Greenberger–Horne–Zeilinger (GHZ) State Fidelity#

The aim of this benchmark is to show whether a GHZ state with high enough fidelity can be prepared such that the state is genuinely multipartite entangled. One can show that a fidelity larger than 0.5 is a sufficient condition (see Leibfried, D. et al., Creation of a six-atom ‘Schrödinger cat’ state. Nature 438, 639–642 (2005))

The benchmark currently offers two methods to estimate the fidelity:

  • Multiple quantum coherences (G. J. Mooney et al., Generation and verification of 27-qubit Greenberger-Horne-Zeilinger states in a superconducting quantum computer, J. Phys. Commun. 5, 095004 (2021))

  • Randomized measurements (Elben, A. et al., Statistical correlations between locally randomized measurements: A toolbox for probing entanglement in many-body quantum states, Phys. Rev. A 99, 052323 (2019))
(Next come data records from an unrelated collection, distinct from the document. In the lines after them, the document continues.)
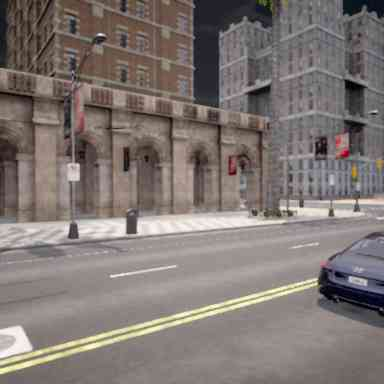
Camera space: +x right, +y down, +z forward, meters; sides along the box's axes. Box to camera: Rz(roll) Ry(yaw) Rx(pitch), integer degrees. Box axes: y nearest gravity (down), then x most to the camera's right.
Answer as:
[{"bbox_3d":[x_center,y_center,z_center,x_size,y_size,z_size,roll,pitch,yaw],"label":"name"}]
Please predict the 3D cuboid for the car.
[{"bbox_3d":[4.530,1.528,6.972,4.181,1.385,1.994,0,0,-35],"label":"car"}]
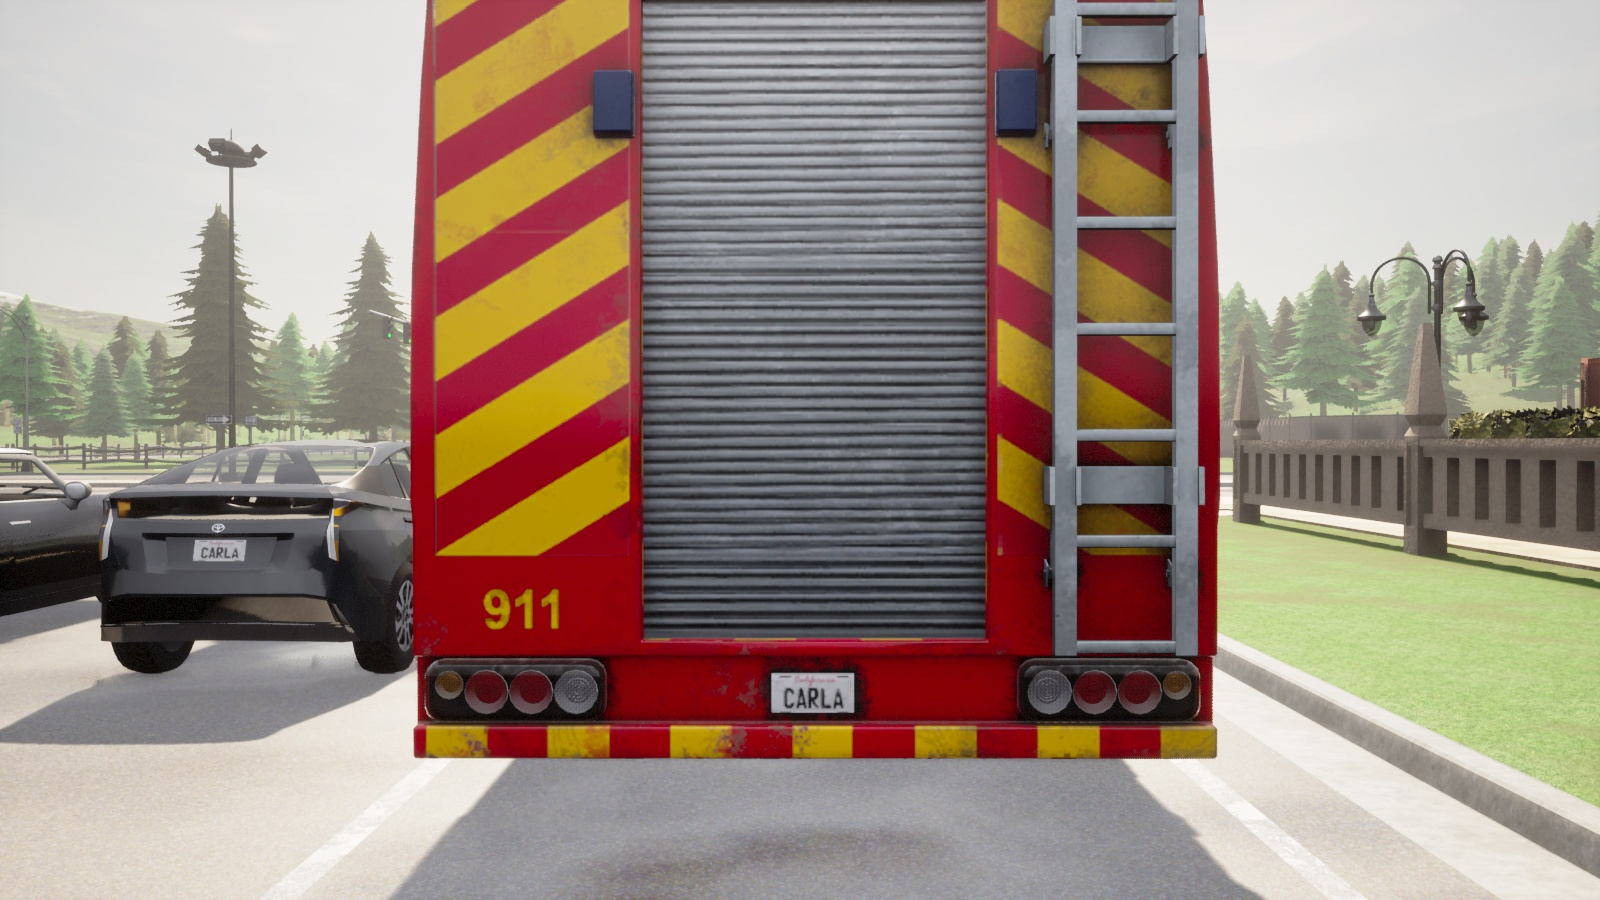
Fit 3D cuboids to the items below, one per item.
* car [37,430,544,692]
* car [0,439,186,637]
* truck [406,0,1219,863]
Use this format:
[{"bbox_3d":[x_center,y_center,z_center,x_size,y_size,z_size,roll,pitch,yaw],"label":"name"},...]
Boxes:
[{"bbox_3d":[-3.430,0.636,9.573,2.007,1.525,4.514,0,0,0],"label":"car"},{"bbox_3d":[-6.926,0.649,10.229,1.970,1.475,3.806,0,0,0],"label":"car"},{"bbox_3d":[0.066,-0.467,8.703,2.891,3.827,8.468,0,0,0],"label":"truck"}]

Additionally, for a given set of \(n\) qubits, different circuits can be applied which lead to the same GHZ state. Currently there are the following implementations:

  • “naive”: The textbook ciruit of depth \(n\), which starts from a Hadamrd gate on one qubit and entangles each additional qubit with a CNOT operation from the first.

  • “log_depth”: A logarithmic depth circuit utilizing parallel CNOT applications. Either the method in Cruz et al. https://arxiv.org/abs/1807.05572 or the method in Mooney et al. https://arxiv.org/abs/2101.08946 is used, depending on which yields the lower depth or the lower number of 2-qubit gates.
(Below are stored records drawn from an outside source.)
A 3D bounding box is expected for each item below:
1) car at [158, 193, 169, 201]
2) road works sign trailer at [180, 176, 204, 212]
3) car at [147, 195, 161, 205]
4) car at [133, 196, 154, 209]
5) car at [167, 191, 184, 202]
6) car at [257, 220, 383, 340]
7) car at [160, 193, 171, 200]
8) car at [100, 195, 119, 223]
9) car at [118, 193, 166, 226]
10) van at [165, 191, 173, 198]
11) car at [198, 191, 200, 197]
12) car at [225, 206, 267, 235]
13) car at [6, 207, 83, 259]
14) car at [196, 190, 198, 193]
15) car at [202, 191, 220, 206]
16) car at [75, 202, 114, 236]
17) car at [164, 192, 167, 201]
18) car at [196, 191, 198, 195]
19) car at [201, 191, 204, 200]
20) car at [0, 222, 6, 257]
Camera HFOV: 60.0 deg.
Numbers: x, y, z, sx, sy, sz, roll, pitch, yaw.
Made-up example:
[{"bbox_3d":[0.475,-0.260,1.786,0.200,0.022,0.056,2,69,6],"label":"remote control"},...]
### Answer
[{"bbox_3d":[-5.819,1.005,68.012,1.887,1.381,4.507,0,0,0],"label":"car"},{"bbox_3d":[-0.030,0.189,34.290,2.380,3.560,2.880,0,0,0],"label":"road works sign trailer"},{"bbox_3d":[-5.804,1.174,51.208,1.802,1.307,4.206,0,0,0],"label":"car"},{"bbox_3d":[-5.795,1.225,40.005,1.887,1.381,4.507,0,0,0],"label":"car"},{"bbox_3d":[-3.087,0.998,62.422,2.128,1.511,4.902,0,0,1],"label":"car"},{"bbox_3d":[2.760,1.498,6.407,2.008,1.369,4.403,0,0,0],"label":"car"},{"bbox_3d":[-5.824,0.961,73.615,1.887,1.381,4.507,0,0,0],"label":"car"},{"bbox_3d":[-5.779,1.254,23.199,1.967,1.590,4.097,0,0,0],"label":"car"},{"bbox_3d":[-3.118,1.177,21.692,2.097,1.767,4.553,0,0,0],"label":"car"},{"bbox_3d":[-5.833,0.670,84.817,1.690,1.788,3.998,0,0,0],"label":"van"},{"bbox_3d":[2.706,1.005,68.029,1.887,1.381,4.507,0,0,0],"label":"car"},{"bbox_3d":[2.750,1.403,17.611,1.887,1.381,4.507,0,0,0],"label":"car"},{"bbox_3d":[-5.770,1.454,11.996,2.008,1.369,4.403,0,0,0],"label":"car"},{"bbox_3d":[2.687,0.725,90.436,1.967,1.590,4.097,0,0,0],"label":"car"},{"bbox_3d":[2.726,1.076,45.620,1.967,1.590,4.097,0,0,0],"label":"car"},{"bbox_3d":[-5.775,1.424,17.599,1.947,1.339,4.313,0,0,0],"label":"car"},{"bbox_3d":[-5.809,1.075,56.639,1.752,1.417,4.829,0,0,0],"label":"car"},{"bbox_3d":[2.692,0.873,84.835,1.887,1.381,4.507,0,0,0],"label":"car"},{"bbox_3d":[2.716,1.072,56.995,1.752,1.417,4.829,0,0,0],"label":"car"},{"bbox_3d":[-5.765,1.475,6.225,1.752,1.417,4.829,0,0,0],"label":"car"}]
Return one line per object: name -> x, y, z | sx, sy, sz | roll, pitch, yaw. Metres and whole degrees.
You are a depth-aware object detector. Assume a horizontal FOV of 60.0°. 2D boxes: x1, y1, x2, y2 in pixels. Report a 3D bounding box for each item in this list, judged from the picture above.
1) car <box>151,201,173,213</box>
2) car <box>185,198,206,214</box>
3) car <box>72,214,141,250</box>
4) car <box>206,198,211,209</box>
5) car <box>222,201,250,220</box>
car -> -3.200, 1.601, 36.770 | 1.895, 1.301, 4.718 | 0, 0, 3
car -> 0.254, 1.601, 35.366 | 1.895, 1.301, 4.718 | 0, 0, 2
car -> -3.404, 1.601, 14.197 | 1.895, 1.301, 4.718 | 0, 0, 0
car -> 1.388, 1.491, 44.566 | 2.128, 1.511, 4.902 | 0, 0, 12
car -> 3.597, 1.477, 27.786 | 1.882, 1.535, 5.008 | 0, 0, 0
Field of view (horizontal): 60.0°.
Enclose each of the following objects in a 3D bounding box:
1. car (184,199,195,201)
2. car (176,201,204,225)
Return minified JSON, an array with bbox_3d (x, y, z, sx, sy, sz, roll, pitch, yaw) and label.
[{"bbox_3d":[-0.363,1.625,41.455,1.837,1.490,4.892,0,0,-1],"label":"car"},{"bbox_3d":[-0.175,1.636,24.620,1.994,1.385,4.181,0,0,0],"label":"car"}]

  • “tree”: An in-house logarithmic depth circuit utilizing calibration data of the CZ-fidelities and a tree-graph algorithm to find a circuit with minimal depth and high fidelity 2-qubit gates.

Note that the first two methods will always give the same circuit for the same qubit layout (and the same coupling map), while the “tree” method relies on the latest calibration fidelities and can give different circuits on different days. Thus for consistent comparisons one of the first two methods should be chosen, while for the best results, i.e. the largest possible GME entangled GHZ state, the tree-method is preferable.

from iqm.benchmarks.entanglement.ghz import *
import os
from iqm.qiskit_iqm import IQMProvider

token = ""
os.environ["IQM_TOKEN"] = token
quantum_computer = "emerald" # provide quantum computer name
iqm_server_url = "https://resonance.iqm.tech/" # provide IQM server URL
os.environ["IQM_SERVER_URL"] = iqm_server_url

provider = IQMProvider(iqm_server_url, quantum_computer=quantum_computer)
backend = provider.get_backend()

Dynamical decoupling strategy#

The success of dynamical decoupling (DD) depends on the coherence several factors, like

  • Amount and lenght of idle segments in the circuit,

  • Magnitude of idling errors,

  • Single qubit gate fidelities (since DD adds additional single qubit gates).

Therefore just using the default DD strategy is not guaranteed to improve the results. In this notebook we apply a minimal DD strategy which only add single qubit gates on qubits with a high single qubit gate fidelity, and only adds a minimal amount of extra gates per idle segment (just two X-Gates). This strategy should improve outcomes in most cases.

from iqm.iqm_client.models import DDStrategy
from iqm.benchmarks.utils import extract_fidelities_unified
_, calibration_data = extract_fidelities_unified(backend=backend)

# Minimal dynamical decoupling with only two extra single-qubit gates per idle
dd_qubits = frozenset(["QB"+str(qubit_name+1) for qubit_name, fidelity in calibration_data["fidelity_1qb_gates_averaged"].items() if fidelity > 0.999])
strategy = DDStrategy(gate_sequences=[(2, 'XX', 'center')], target_qubits = dd_qubits)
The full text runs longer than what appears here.